Forget for just a moment that the Chicago White Sox hit .271 as a team and went 18-8 in the month of May.

Forget that the Sox had 39 dingers and scored 156 runs for the month for an average of 5.38 runs per game.

Forget for a moment that Paul Konerko hit .379, Dayan Viciedo hit .351, Alejandro De Aza hit .313 in May.

Forget for a moment that the Sox are the only AL Central team with more runs scored than runs allowed.

Finally, forget that Adam Dunn has 17 home runs and 38 RBI while Gordon Beckham seems like the fit the Sox have been looking for in the two-hole all year.

The White Sox are not going to win the AL Central based upon their hitting, even if this pace keeps up for the rest of the year. The White Sox are going to win the Central because of their pitching.

Entering play on Saturday, the White Sox have, far and away, the best pitching in the AL Central and some of the best in the American League. Let’s take a look at how the Sox stack up against the rest of the Central and the American League:

  • 1st with a 3.86 team ERA (6th in AL)
  • 1st with 31 quality starts (2nd in AL)
  • 1st in strikeouts (5th in AL)
  • 1st in batting average against (T-1st AL)
  • 1st in WHIP with an amazing 1.191 (1st in AL)

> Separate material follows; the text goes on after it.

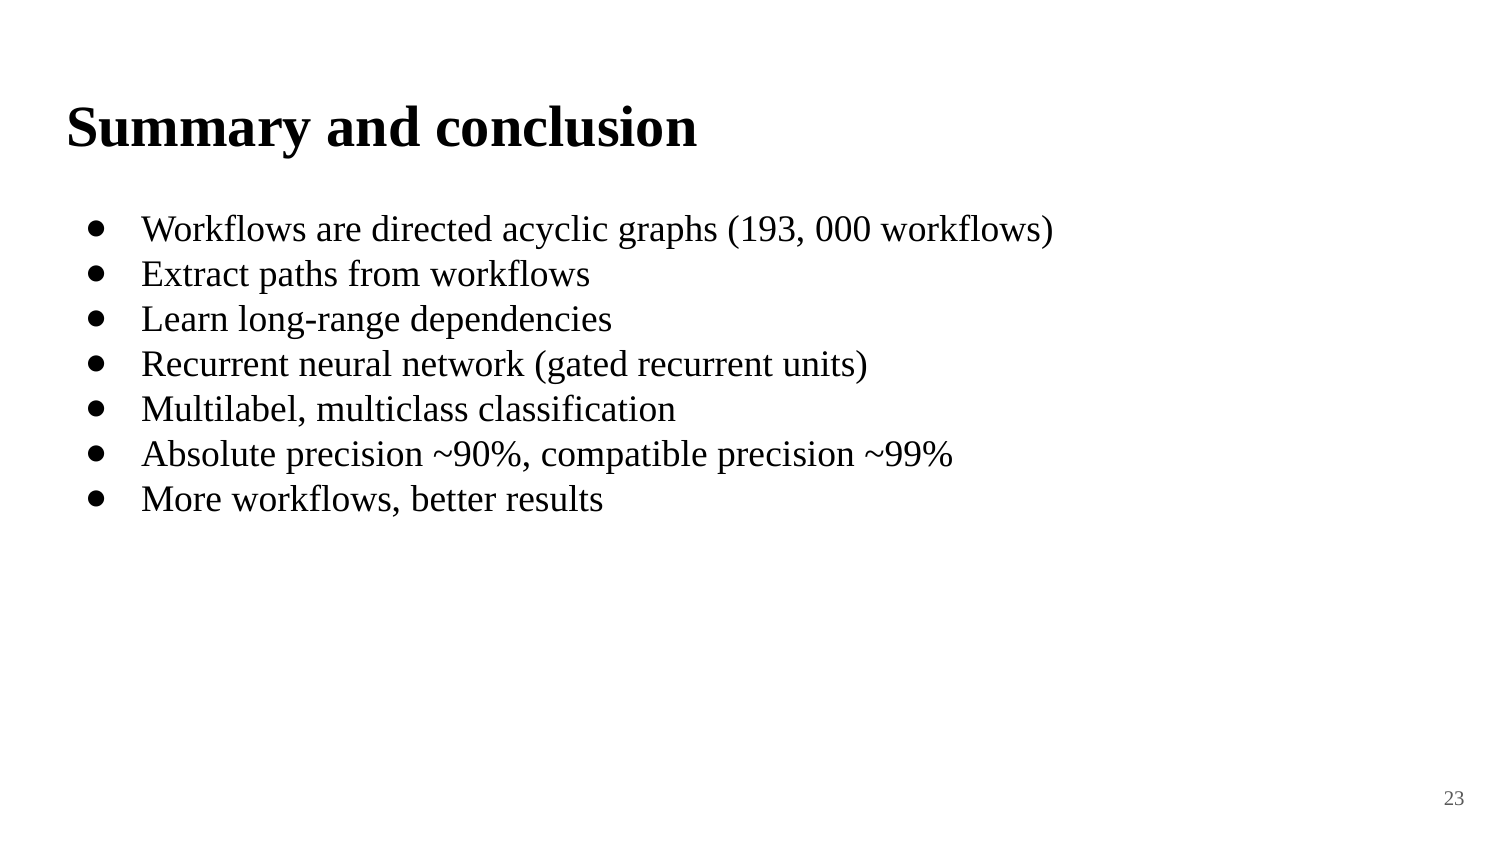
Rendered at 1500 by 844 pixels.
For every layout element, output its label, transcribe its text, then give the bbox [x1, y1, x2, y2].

slide_number [1389, 764, 1480, 830]
title Summary and conclusion [51, 72, 1449, 167]
list Workflows are directed acyclic graphs (193, 000 workflows) Extract paths from workflows Learn long-range dependencies Recurrent neural network (gated recurrent units) Multilabel, multiclass classification Absolute precision ~90%, compatible precision ~99% More workflows, better results [51, 189, 1449, 750]

Pretty phenomenal numbers considering how bad Gavin Floyd, Philip Humber and John Danks have been at times. Every other team in the Central has a team ERA of 4.20 or higher. The Cleveland Indians and Detroit Tigers sport team ERAs over 4.25.

The AL can hit, it is as simple as that, and the teams with the best pitching win division titles nowadays. Take Detroit last year as an example. The Tigers were in second place well into June last year and won the division by 15 games over the Indians.

Why, you ask?  Was it their hitting? No, it was not; the Tigers pulled away thanks to their pitching staff. Justin Verlander was outstanding all year en route to an AL MVP and the Cy Young award, while Max Scherzer and Rick Porcello produced as expected in the second half of the season. The shrewd pickup of Doug Fister, who went 8-1, put Detroit over the top.

In addition to the the success of the starters, the Tigers trotted out five relievers with over 30 appearances who had WHIPs of 1.50 or lower. 

The Sox are, right now, in exactly the same position Detroit was in last year, with two exceptions.

First, the Sox already have two pitchers in Jake Peavy and Chris Sale having top-of-the-league type years.

Second, and most importantly, the White Sox have seven, that’s right seven, relievers on pace for more than 30 appearances who currently have WHIPs below 1.50. Outstanding stuff. Three solid lefties (yes, Will Ohman is actually a solid lefty) compliment right-handers Jessie Crain and rookie phenom Nate Jones, while Addison Reed has established himself as a fearless closer.

With my daughter’s favorite White Sox pitcher, Zach Stewart, pitching long relief (his 4.08 ERA is lower than Danks, Humber and Floyd’s), the Sox are in great shape from a pitching perspective.

The one move that permanently solidifies the White Sox as having the best pitching staff in the Central is releasing the bag-of-bats we all know as Kosuke Fukudome and keeping lefty call-up Hector Santiago on the roster. The Sox are stocked!

The adage thrown around baseball is that if you want to win the division, you have to beat the division.  In order to win in this year’s AL Central, the formidable lineups of both Detroit and Cleveland have to be offset, and the White Sox have just the men for the job. 

Enjoy the offensive production while it lasts, but team pitching is going to win the Central for the Sox this year.